Friday, February 18, 2011

the ache

There is so much chaos accompaning my grief. It seems we threw out a bag that contained many of Christopher's toys, our Sunday School book, and several other things I pulled out of the backseat of the car. My kitchen is a wreck and random things make me cry. Tonight, my stomach feels like it has a brick sitting inside it. I also think some of my bills may be late. I still can't believe Mom is gone. That I will never again get to hear her voice or one of her ridiculous jokes. She made me crazy sometimes but I'd give a lot to have her here making me crazy again.

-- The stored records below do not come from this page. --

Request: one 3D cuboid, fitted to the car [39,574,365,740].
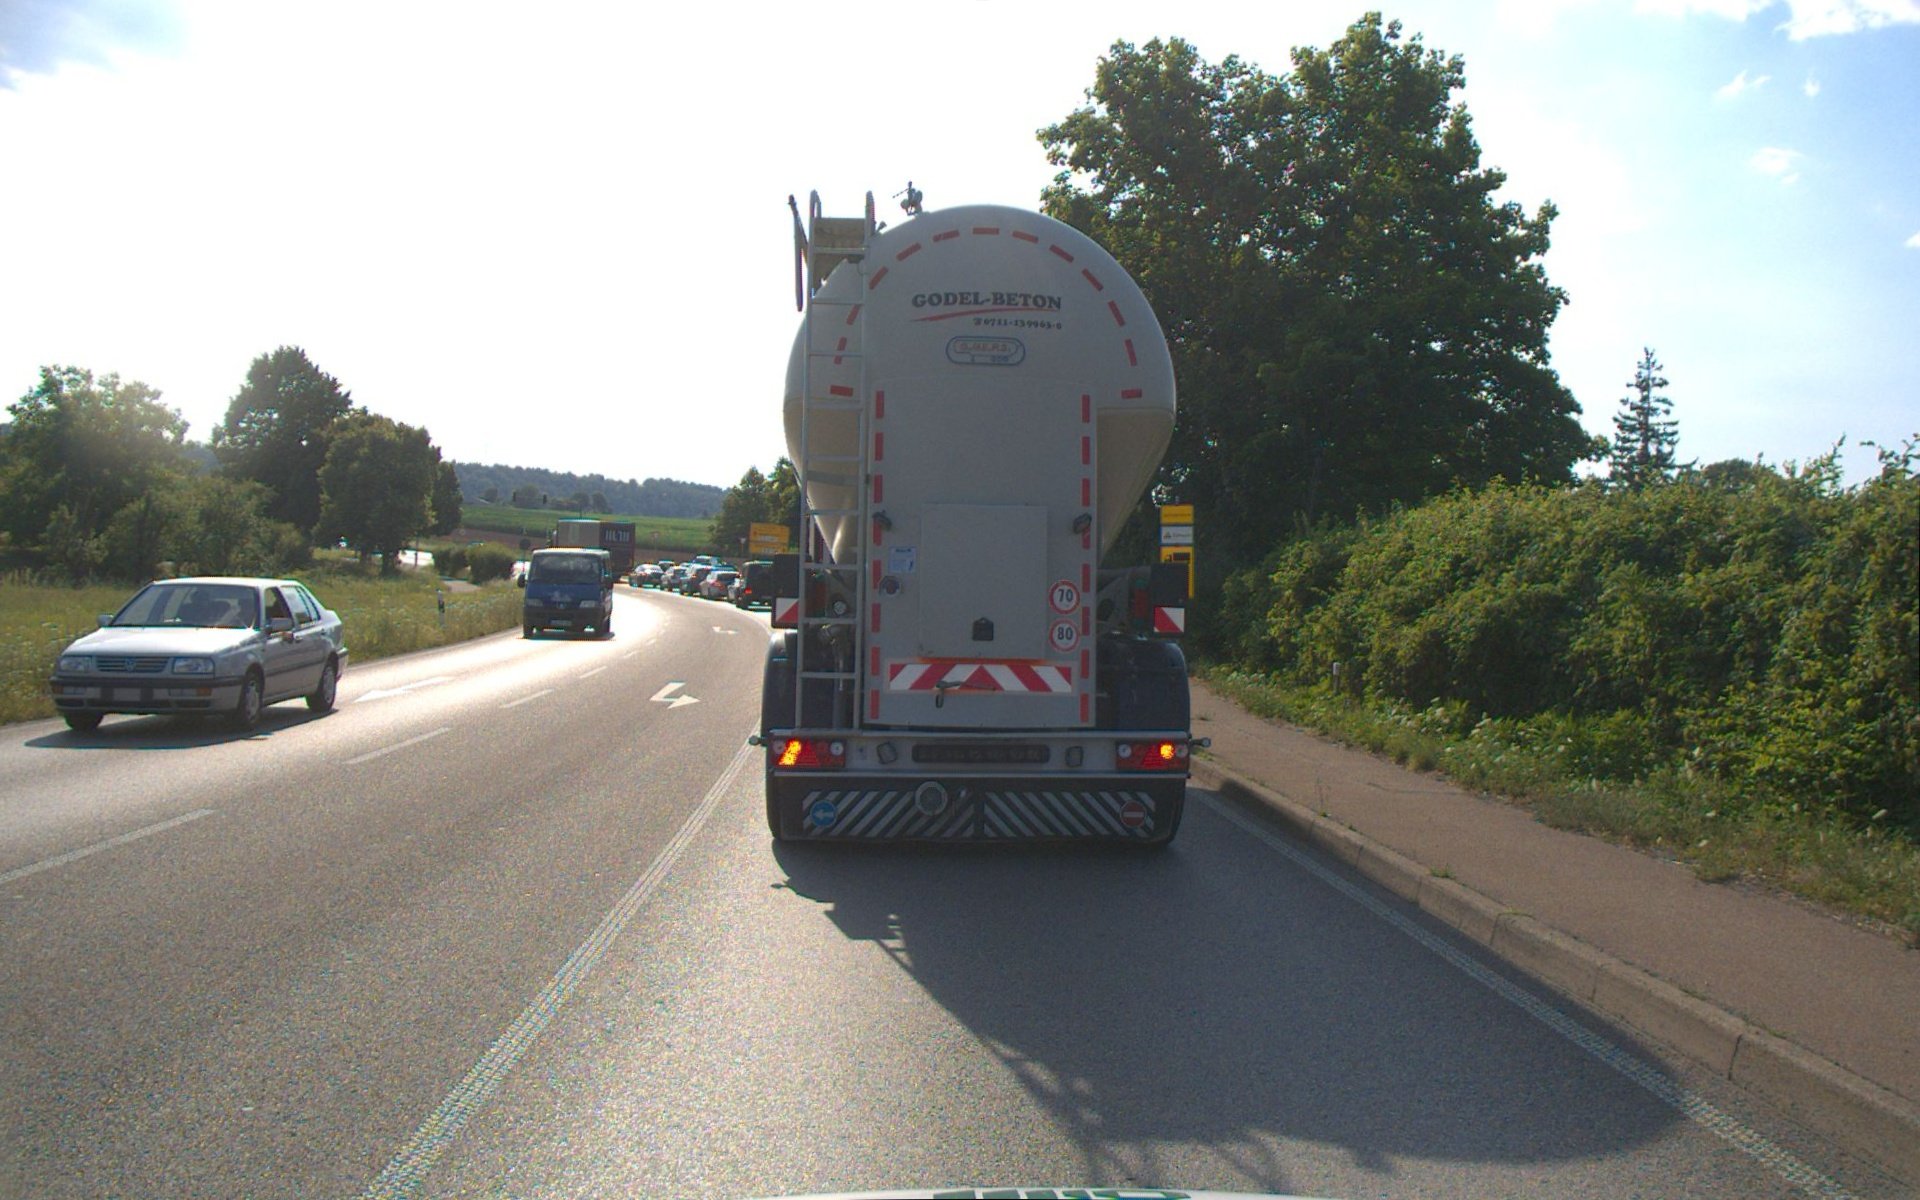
[{"bbox_3d":[-7.525,0.494,16.885,1.673,1.453,4.174,1,0,-5],"label":"car"}]

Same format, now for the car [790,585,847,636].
[{"bbox_3d":[-4.119,0.270,48.322,1.549,1.364,3.422,2,1,-5],"label":"car"}]

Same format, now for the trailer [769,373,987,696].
[{"bbox_3d":[-1.304,-0.985,30.203,2.895,4.390,14.172,2,1,-1],"label":"trailer"}]

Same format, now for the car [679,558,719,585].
[{"bbox_3d":[-14.368,-1.570,90.964,1.556,1.364,3.407,2,1,-19],"label":"car"}]

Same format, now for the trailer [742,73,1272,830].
[{"bbox_3d":[0.003,-0.831,13.990,2.851,4.076,9.924,1,0,-3],"label":"trailer"}]

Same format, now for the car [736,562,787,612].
[{"bbox_3d":[-8.518,-0.553,70.772,1.829,2.049,3.708,1,1,-12],"label":"car"}]

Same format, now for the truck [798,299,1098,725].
[{"bbox_3d":[-0.221,-0.855,18.047,2.852,4.076,4.057,1,0,-3],"label":"truck"}]

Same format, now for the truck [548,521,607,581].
[{"bbox_3d":[-30.146,-3.846,130.119,3.332,4.426,5.662,2,0,-24],"label":"truck"}]

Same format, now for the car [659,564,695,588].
[{"bbox_3d":[-16.952,-1.464,98.992,1.556,1.364,3.407,2,1,-19],"label":"car"}]

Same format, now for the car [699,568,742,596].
[{"bbox_3d":[-12.325,-0.941,84.893,1.556,1.364,3.407,2,1,-19],"label":"car"}]

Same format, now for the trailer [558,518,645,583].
[{"bbox_3d":[-26.741,-3.637,122.609,3.332,4.426,14.186,2,1,-24],"label":"trailer"}]

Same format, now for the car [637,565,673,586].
[{"bbox_3d":[-19.424,-1.577,105.263,1.742,1.227,3.407,2,1,-19],"label":"car"}]

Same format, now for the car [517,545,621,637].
[{"bbox_3d":[-9.871,-0.228,42.102,1.960,2.174,4.772,1,0,-6],"label":"car"}]
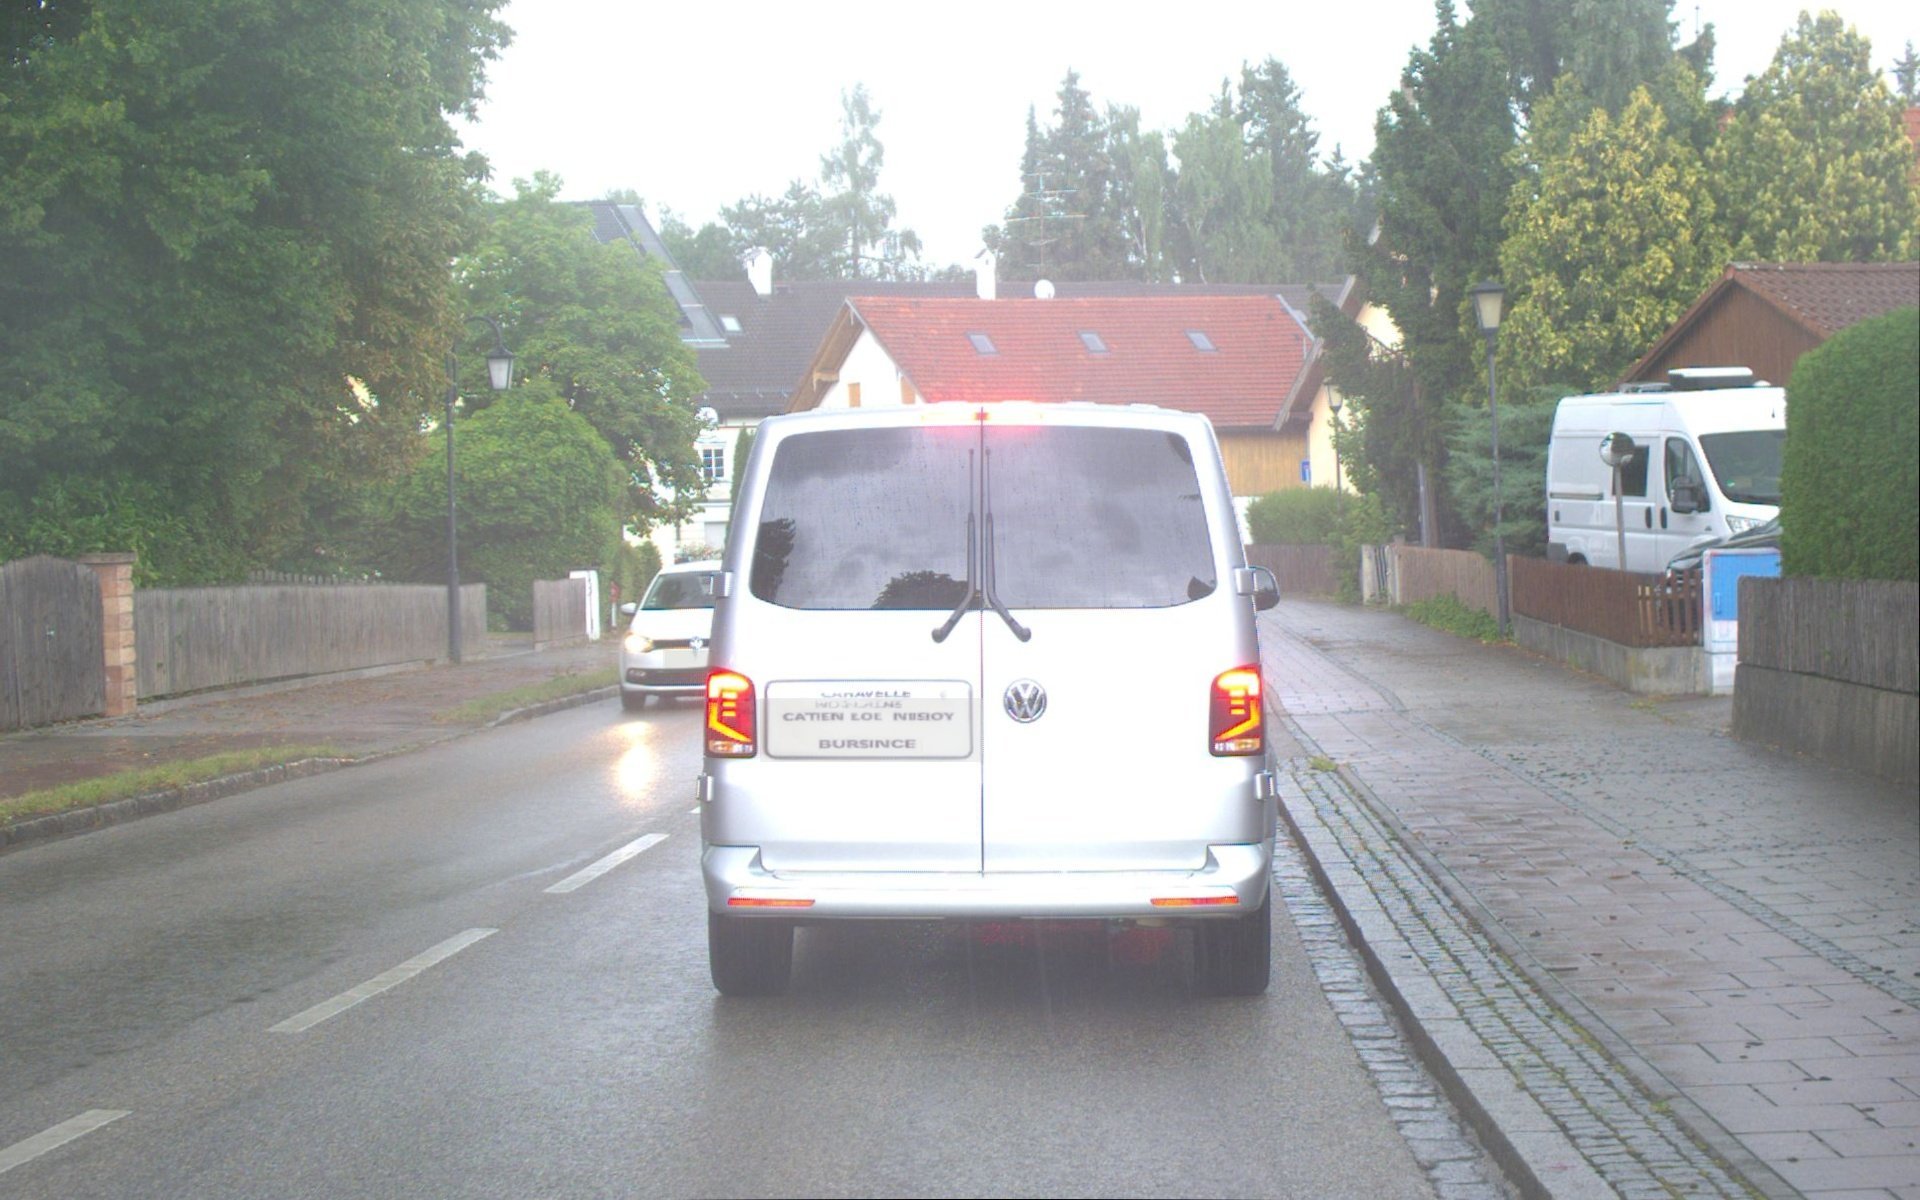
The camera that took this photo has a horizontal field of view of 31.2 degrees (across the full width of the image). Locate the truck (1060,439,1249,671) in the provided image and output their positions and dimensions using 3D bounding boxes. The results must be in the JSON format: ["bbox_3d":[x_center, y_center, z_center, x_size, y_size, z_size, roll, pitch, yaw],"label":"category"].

We got bad news about Dad today. My aunt Linda (dad's sister) went with us to his first treatment team at Erlanger North. He was asleep when we got there and we could not wake him. He looked very much like Mom looked in her final moments, asleep and unable to wake. Unlike my first thought, he was still breathing but not too responsive. The news from the psychiatrist wasn't promising though. It seems that instead of getting better, he is getting worse. They say he has lost the ability to walk, has become incontinent and is hallucinating. In addition, the doctor said he has a condition of spinal fluid not being absorbed which is putting pressure on his brain. They are also changing him to a liquid diet as he has forgotten how to chew.

I am so glad Mom passed before we found this out about Dad. It came as such a shock. I knew there was no medication that would reverse Alzheimers but I did think he would still be able to walk and talk. I'm not so sure anymore. They say he is also hallucinating and trying to grab things out of the air.

I got the pictures together tonight for Mom's photo cd. I am so glad to have so many photos while simaltaneously wishing I had more. There is never enough and I cried when I went through them. The loss of my mother is so deep that I am sure I will never be fully recovered. I wonder does the ache ever leave?

1 comment:

  1. It is the most desperate feeling you will ever have. It's one that having a glass of wine won't make better, a joke cannot lighten, a smile cannot comfort, and has no escape. You will get through it. Hard to believe now, I know. You WILL make it but it is going to be a slow process. The journey is cathartic, frustrating, depressing, angering, and just maddening. Get through the present day and don't think about what is to come. One day at a time. - Kelly D.